Doch in der Roten Straße, in der sich mehrere, ursprünglich besetzte und dem Studentenwerk später übertragene Wohnheime befinden, eskaliert der Streit aufs Neue. Die selbstverwalteten Häuser sind dringend sanierungsbedürftig. Die Bewohner*innen warfen dem Studentenwerk vor, viel zu lange kein Geld für die Sanierung in die Hand genommen zu haben und die nun anstehenden Kosten auf sie abwälzen zu wollen. Zum 1. April sollen die Häuser zur Baustelle werden. Doch wie diese Phase gestaltet werden soll und wie es danach weitergeht, darüber soll zwischen den Wohnprojekten und dem Studentenwerk noch ziemlich großer Dissens bestehen.
„Ungeheuerlicher Erpressungsversuch“
In einem Mitte Dezember veröffentlichten offenen Brief sprechen die Bewohner*innen von einem „ungeheuerlichen Erpressungsversuch“ durch Studentenwerkschef Magull. Würden die Bewohner*innen nicht neue Mietverträge unterschreiben, würde es auch keine Sanierung geben, soll er angedroht haben.
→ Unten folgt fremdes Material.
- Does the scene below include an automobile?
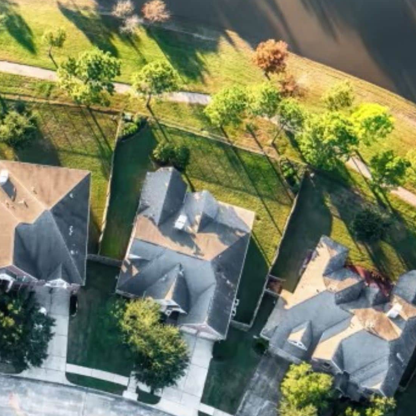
No
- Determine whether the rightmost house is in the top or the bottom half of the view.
bottom
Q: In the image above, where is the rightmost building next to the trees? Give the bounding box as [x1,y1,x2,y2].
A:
[259,235,416,406]
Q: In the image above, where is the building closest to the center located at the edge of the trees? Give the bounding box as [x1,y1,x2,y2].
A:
[116,167,255,346]
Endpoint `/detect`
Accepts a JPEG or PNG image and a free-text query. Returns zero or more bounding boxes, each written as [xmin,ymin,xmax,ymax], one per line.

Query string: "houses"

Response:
[116,167,255,346]
[259,235,416,406]
[0,160,91,295]
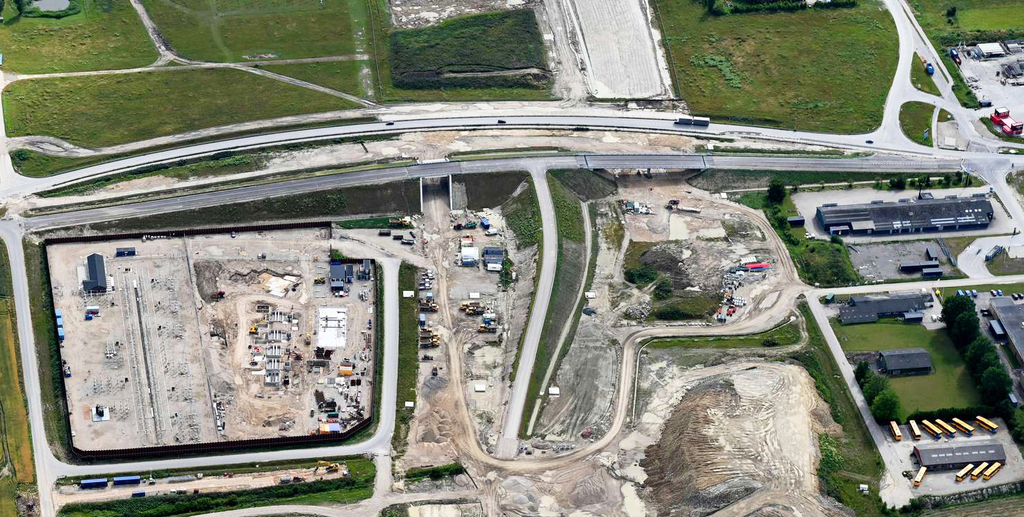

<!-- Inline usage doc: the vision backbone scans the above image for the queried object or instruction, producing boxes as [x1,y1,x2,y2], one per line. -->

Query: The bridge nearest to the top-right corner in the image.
[574,153,720,179]
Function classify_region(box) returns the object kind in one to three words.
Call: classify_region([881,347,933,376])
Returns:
barn
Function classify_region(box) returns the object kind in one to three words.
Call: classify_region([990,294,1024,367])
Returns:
building
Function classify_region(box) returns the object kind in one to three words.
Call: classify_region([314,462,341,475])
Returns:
vehicle
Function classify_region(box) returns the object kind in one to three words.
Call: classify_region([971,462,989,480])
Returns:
vehicle
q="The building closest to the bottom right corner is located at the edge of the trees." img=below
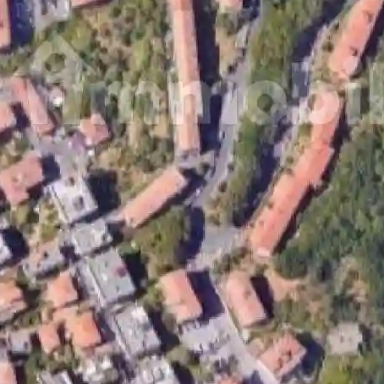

Die neuen Mietverträge würden eine starke Mieterhöhung beinhalten. Dabei wollen auch diese Wohnprojekte die Häuser gern als Verein kaufen, ähnlich wie in der „Gosse17“.
Denn die Wohnprojekte sind nicht nur als Wohnraum von enormer Bedeutung. „Das Haus soll offen sein für kulturelles Leben und basisdemokratische Teilnahme ermöglichen“, sagt Schlang im Hinblick auf das Wohnheim in der Goßlerstraße. Zudem: Jedes gekaufte und selbstverwaltete Wohnheim wird dem Markt entzogen. Denn auch Göttingen hat ein Problem mit steigenden Mieten. Innerhalb der letzten fünf Jahre ist der Preis für Neuvermietungen um mehr als 25 Prozent gestiegen.